[
https://issues.apache.org/jira/browse/HDFS-4233?page=com.atlassian.jira.plugin.system.issuetabpanels:comment-tabpanel&focusedCommentId=13505972#comment-13505972
]
Kihwal Lee commented on HDFS-4233:
----------------------------------
bq. I am unsure of what fd exhaustion means (is it hitting nofile limits?),....
Yes. In a very big cluster, we've seen NN running out of 64K file descriptors.
I was told that it can be raised further (e.g. 1M) without much negative impact
on performance, at least on Linux. So there are ways to avoid it or minimize
the possibility, but NN still needs to be able to deal with the situation.
Monitoring and limiting number of connections can be tricky. Ideally we want
the average number to be reasonable, but also want NN to absorb a short burst
of requests instead of rejecting them.
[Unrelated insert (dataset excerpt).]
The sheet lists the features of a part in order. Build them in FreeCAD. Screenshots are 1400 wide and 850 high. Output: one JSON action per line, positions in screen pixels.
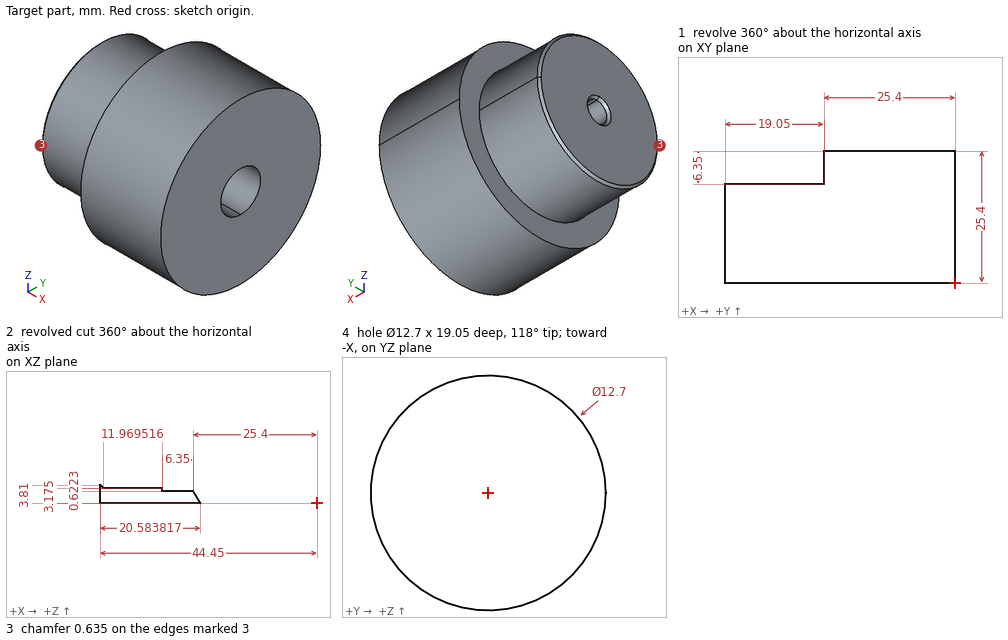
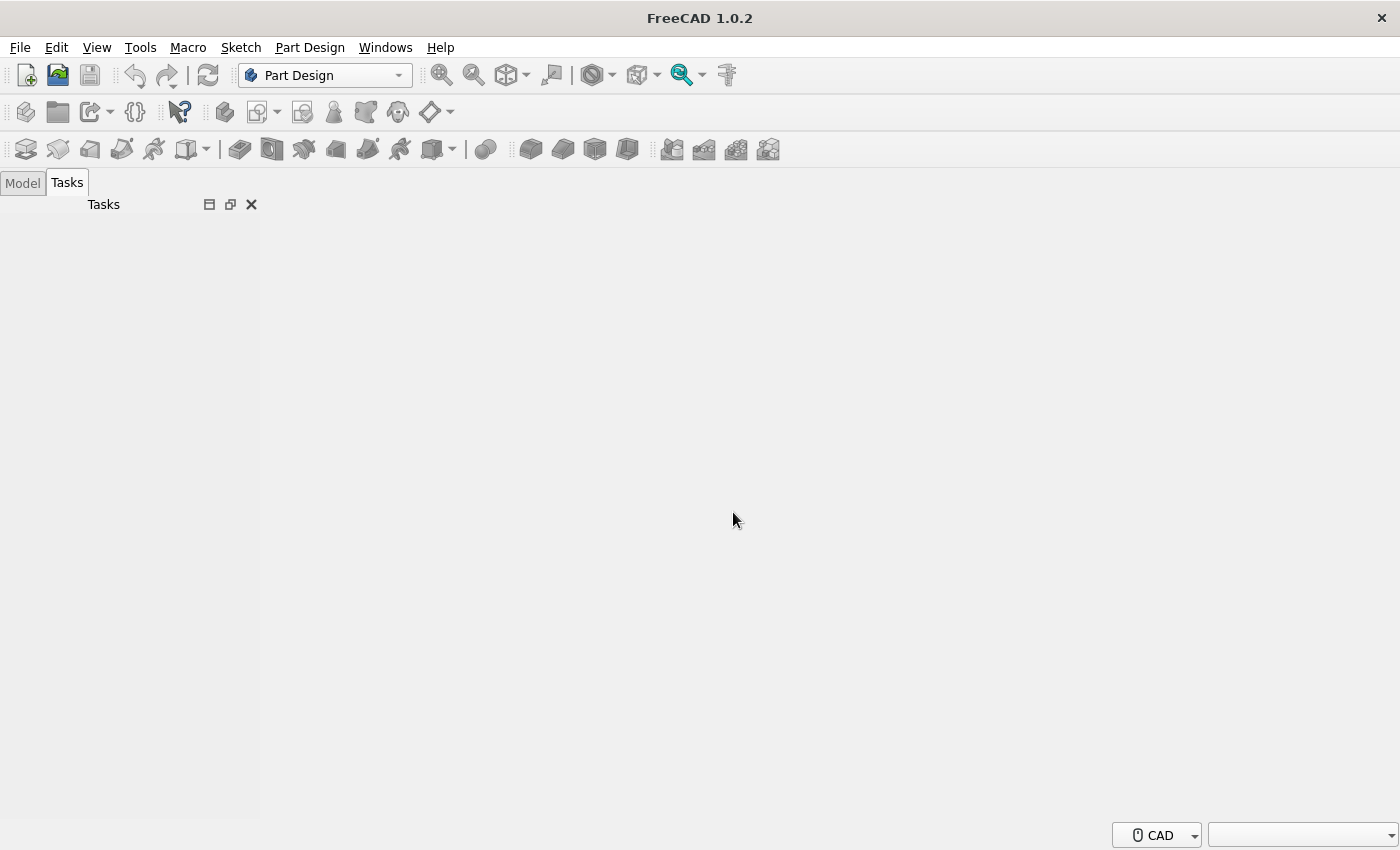
{"action": "left_click", "coordinate": [26, 76]}

The client-side retry mechanism will
require some changes, if IPC start actively rejecting requests. The things get
very nasty if IPC connections get "reset" or fall into syn backlog and stay
there for long. Massive lease renewal failures will likely occur and that will
cause block recoveries and so on. In short, protecting namenode might be
simple, but that sometimes actually hurt cluster availability.
> NN keeps serving even after no journals started while rolling edit
> ------------------------------------------------------------------
>
> Key: HDFS-4233
> URL: https://issues.apache.org/jira/browse/HDFS-4233
> Project: Hadoop HDFS
> Issue Type: Bug
> Components: name-node
> Affects Versions: 0.23.5
> Reporter: Kihwal Lee
> Priority: Critical
>
> We've seen namenode keeps serving even after rollEditLog() failure. Instead
> of taking a corrective action or regard this condition as FATAL, it keeps on
> serving and modifying its file system state. No logs are written from this
> point, so if the namenode is restarted, there will be data loss.
--
This message is automatically generated by JIRA.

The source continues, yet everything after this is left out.